When questioned if there would be hearings in Lansing about the response and wait times, McMorrow said while she hadn’t had time to speak to committee chairs, she planned to request that they occur. Other Democratic lawmakers echoed that sentiment, WDIV-TV reported.
Rep. Abraham Aiyash (D-Hamtramck) was blunt in his criticism of DTE.
“While you freeze, DTE’s wallet is nice and hot on Wall Street, he tweeted, along with a screenshot of the utility’s stock price rising. “Did I mention they spend millions on campaign contributions to your politicians?”
While Consumers Energy didn’t respond to a Michigan Advance request for comment, the agency that regulates the state’s public utilities did.
Michigan Public Service Commission spokesperson Matt Helms told the Michigan Advance that the body shares the frustration Michigan’s utility customers are feeling.
“We are monitoring the situation and getting regular updates from the utilities,” he said. “This was a severe ice storm that knocked down tens of thousands of power lines and power poles, with widespread damage at levels we’ve seen only a handful of times in the last 50 years.”
Helms said amidst the increasingly severe storms that knock out power, the MPSC is conducting a wide-ranging effort to improve the reliability of Michigan’s power grid.
“We have undertaken a number of steps in the last couple of years to better understand why Michigan’s power grid has had so many challenges,” he said.
Helms said that as fallen trees and branches are the leading cause of outages in Michigan, they’ve directed utilities to step up their efforts to trim more trees on a faster rotation.
“Early indications are that areas where these efforts have been focused are seeing fewer outages, and the outages are of shorter duration,” said Helms.
Other steps the MPSC has taken, according to Helms, include launching an ongoing review of reliability, systemwide audits of the electricity distribution systems and approved rules updates for all regulated utilities that increased power outage credits to $35 from $25, plus $35 per additional day beyond acceptable thresholds, and make the credits automatic.
“The updates also will shorten required times for utilities to restore long-duration outages; reduce the amount of time first responders must guard downed wires until they’re relieved by a utility lineworker; update reliability standards to ensure Michigan’s performance indicators match industry guidelines; and establish annual reporting requirements for rural electric cooperatives and all investor-owned utilities to ensure they’re reporting service quality and reliability performance to the Commission,” said Helms.
The MPSC anticipates the rule changes will take effect in the next few weeks pending final approval in the state administrative review process, Helms added.
While the increase will provide some additional relief to utility customers, it isn’t nearly enough to make a meaningful difference according to consumer groups like the Citizens Utility Board of Michigan (CUB), which had called for a credit of $2 per hour.
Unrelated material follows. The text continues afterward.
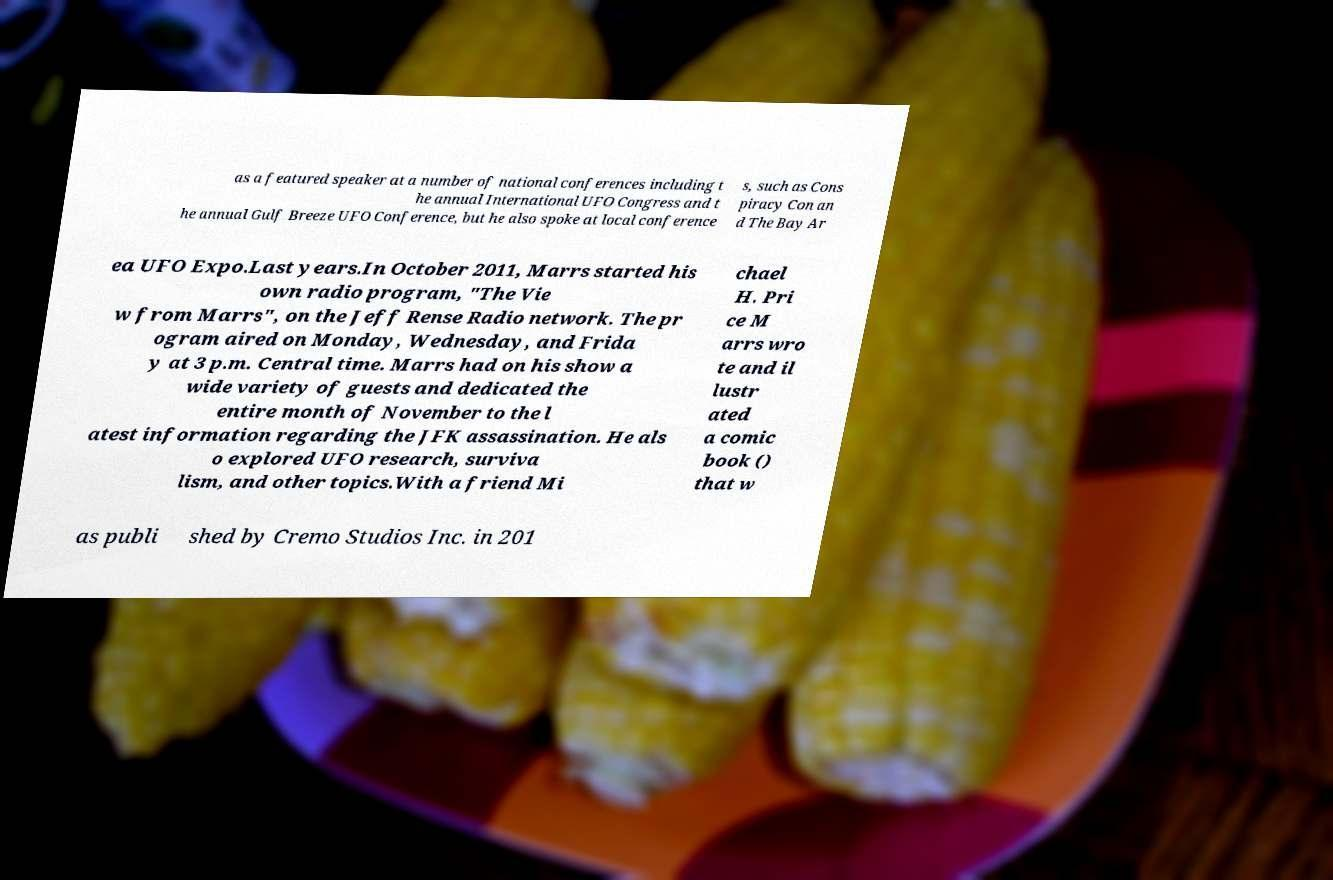What messages or text are displayed in this image? I need them in a readable, typed format. as a featured speaker at a number of national conferences including t he annual International UFO Congress and t he annual Gulf Breeze UFO Conference, but he also spoke at local conference s, such as Cons piracy Con an d The Bay Ar ea UFO Expo.Last years.In October 2011, Marrs started his own radio program, "The Vie w from Marrs", on the Jeff Rense Radio network. The pr ogram aired on Monday, Wednesday, and Frida y at 3 p.m. Central time. Marrs had on his show a wide variety of guests and dedicated the entire month of November to the l atest information regarding the JFK assassination. He als o explored UFO research, surviva lism, and other topics.With a friend Mi chael H. Pri ce M arrs wro te and il lustr ated a comic book () that w as publi shed by Cremo Studios Inc. in 201

However, that was rejected by the MPSC as “not reasonable” without providing any further explanation.
“After several years of discussions, the Commission’s order is very disappointing and represents a true missed opportunity,” said CUB Executive Director Amy Bandyk. “The Commissioners did not take the bold steps needed to confront the reliability crisis facing Michigan, where customers pay some of the highest electric rates in the country for some of the worst service in the country in terms of how often the power stays on.”
CUB most recently assailed DTE’s priorities in a Feb. 23 blog post.
“The problem is not that DTE wants to invest to improve the grid; it is that DTE’s plans are not the most cost-effective use of ratepayer dollars,” stated the post. “Its investment priorities consistently are aimed more at enriching DTE shareholders by investing more capital that generates a return for the utility, rather than spending smarter to get the same (or better) improvements in grid reliability, while saving money for ratepayers.”